Scuba diving Lake Huron, the Great Lakes, USA / Canada

Reader Reviews:

Dive Site: SS Wexford

Location: Lake Huron, Great Lakes, Ontario (43°20.434'N 082°26.787'W)

Description: Steamer wreck

Length: 76 metres (250 feet)

Depth: 25 metres max (75 feet)

Visibility: 10 metres (30 feet)

Rating: ***

Built in Sunderland, England in 1883, this 250' steamer foundered in the Great Storm of 1913. After five years of trade with Argentina and a period of ownership under a French company, she was bought by a Canadian company in 1903 and crossed the Atlantic to her new home. She was seen to have great potential for package freight and grain on the Great Lakes.

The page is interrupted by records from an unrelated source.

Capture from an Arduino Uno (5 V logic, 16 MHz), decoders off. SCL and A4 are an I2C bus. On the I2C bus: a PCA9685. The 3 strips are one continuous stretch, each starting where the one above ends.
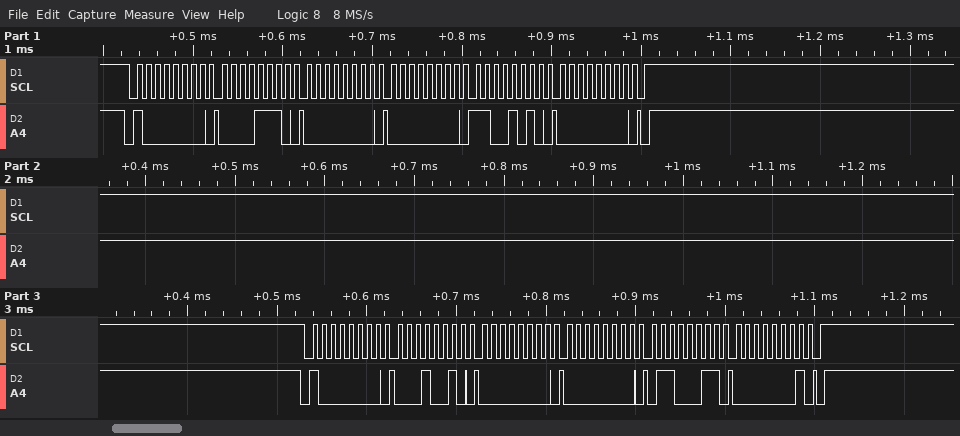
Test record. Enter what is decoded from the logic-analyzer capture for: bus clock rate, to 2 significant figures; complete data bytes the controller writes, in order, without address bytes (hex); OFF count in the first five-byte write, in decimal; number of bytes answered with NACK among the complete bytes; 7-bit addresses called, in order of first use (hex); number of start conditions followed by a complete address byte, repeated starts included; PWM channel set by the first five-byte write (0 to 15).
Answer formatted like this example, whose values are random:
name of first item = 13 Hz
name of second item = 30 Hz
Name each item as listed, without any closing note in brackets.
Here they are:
bus clock rate, to 2 significant figures = 100 kHz
complete data bytes the controller writes, in order, without address bytes = 0E 00 00 CA 00 12 00 00 63 01
OFF count in the first five-byte write, in decimal = 202
number of bytes answered with NACK among the complete bytes = 0
7-bit addresses called, in order of first use = 0x40
number of start conditions followed by a complete address byte, repeated starts included = 2
PWM channel set by the first five-byte write = 2
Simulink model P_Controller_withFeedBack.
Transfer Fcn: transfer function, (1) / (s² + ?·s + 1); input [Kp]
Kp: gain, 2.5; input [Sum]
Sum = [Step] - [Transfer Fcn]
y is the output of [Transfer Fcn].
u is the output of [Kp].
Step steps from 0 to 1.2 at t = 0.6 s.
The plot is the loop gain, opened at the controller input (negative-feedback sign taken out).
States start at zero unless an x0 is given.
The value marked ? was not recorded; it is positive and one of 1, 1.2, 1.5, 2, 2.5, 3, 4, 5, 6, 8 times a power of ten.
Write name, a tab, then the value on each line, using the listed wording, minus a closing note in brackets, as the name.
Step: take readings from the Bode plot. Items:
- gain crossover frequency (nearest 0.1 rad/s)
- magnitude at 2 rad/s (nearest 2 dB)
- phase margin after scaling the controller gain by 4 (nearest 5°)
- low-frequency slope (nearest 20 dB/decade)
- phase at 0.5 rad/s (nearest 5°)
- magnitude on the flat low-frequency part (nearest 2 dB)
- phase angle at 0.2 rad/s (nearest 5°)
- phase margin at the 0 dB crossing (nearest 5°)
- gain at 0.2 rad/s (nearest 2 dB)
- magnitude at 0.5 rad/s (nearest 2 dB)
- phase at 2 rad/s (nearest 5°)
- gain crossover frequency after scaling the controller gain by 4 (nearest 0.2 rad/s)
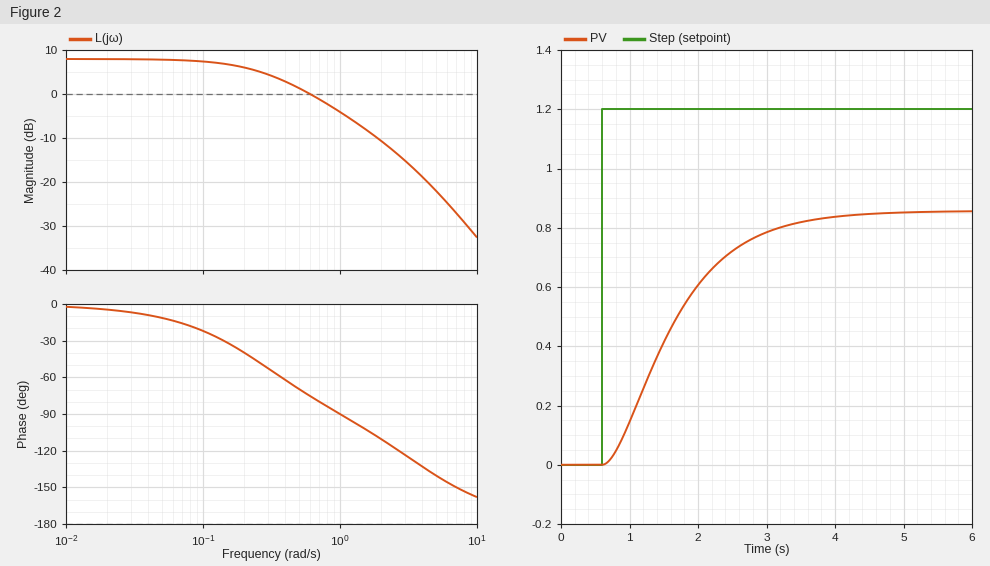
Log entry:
gain crossover frequency	0.6 rad/s
magnitude at 2 rad/s	-10 dB
phase margin after scaling the controller gain by 4	65°
low-frequency slope	0 dB/decade
phase at 0.5 rad/s	-70°
magnitude on the flat low-frequency part	8 dB
phase angle at 0.2 rad/s	-40°
phase margin at the 0 dB crossing	105°
gain at 0.2 rad/s	6 dB
magnitude at 0.5 rad/s	2 dB
phase at 2 rad/s	-110°
gain crossover frequency after scaling the controller gain by 4	2.2 rad/s
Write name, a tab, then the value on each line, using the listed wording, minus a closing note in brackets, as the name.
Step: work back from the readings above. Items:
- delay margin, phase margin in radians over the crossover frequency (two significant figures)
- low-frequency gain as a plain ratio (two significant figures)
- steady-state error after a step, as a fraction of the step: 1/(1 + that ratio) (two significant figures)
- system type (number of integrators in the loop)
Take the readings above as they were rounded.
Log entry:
delay margin, phase margin in radians over the crossover frequency	3.1 s
low-frequency gain as a plain ratio	2.5
steady-state error after a step, as a fraction of the step: 1/(1 + that ratio)	0.29
system type	0
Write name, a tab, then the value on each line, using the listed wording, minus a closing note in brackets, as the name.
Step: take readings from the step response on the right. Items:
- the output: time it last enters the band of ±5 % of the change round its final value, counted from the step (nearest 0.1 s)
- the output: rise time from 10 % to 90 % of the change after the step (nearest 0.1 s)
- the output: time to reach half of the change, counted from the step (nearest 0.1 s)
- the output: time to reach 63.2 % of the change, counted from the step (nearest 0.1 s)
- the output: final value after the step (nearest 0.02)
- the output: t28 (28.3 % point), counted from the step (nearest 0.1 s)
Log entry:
the output: time it last enters the band of ±5 % of the change round its final value, counted from the step	2.8 s
the output: rise time from 10 % to 90 % of the change after the step	2.0 s
the output: time to reach half of the change, counted from the step	0.9 s
the output: time to reach 63.2 % of the change, counted from the step	1.2 s
the output: final value after the step	0.86
the output: t28 (28.3 % point), counted from the step	0.6 s
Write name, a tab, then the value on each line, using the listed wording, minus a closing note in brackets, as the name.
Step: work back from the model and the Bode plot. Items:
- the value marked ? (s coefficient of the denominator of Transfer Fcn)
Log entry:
the value marked ?	4

Following a re-fit at the Collingwood shipyards in Ontario, she began making routine local trips from Thunder Bay (now Fort William) to Goderich, Ontario with grain as her main cargo. Reports from her fateful day in the 'Freshwater Fury' of 1913 vary, but a great deal of interesting information can be found at http://www.shipwreckwexford.ca/. All lives aboard were lost, some 17 in total.

She now sits upright on the muddy bottom of Lake Huron about 9 miles offshore from St. Joseph, equidistant from the Villages of Bayfield and Grand Bend, Ontario. The site is now permanently marked with a large mooring buoy, provided in cooperation with Canadian Coastguard, who monitor the site and encourage low impact diving that does not harm the wreck site in any way.

This was my first Great Lakes dive and after three years in Fiji was my first for a while in cold water. Although it was an overcast day the water was like glass and we traveled out to the site on a small fiberglass skiff chartered from Ken's Dive Locker in London, Ontario and launched from Grand Bend. Ken easily located the marker buoy and we jumped in to reasonably warm surface water.

Temperatures on the wreck were markedly colder and after tooling about for no more than about twenty minutes, with my computer reading 8 degrees and the cold seeping into my semi-dry, I headed back for the surface to warm up for a bit before splashing back in again. This is a fun dive. Sitting upright and intact makes navigation a piece of cake and the open nature of the structure make for some interesting exploring.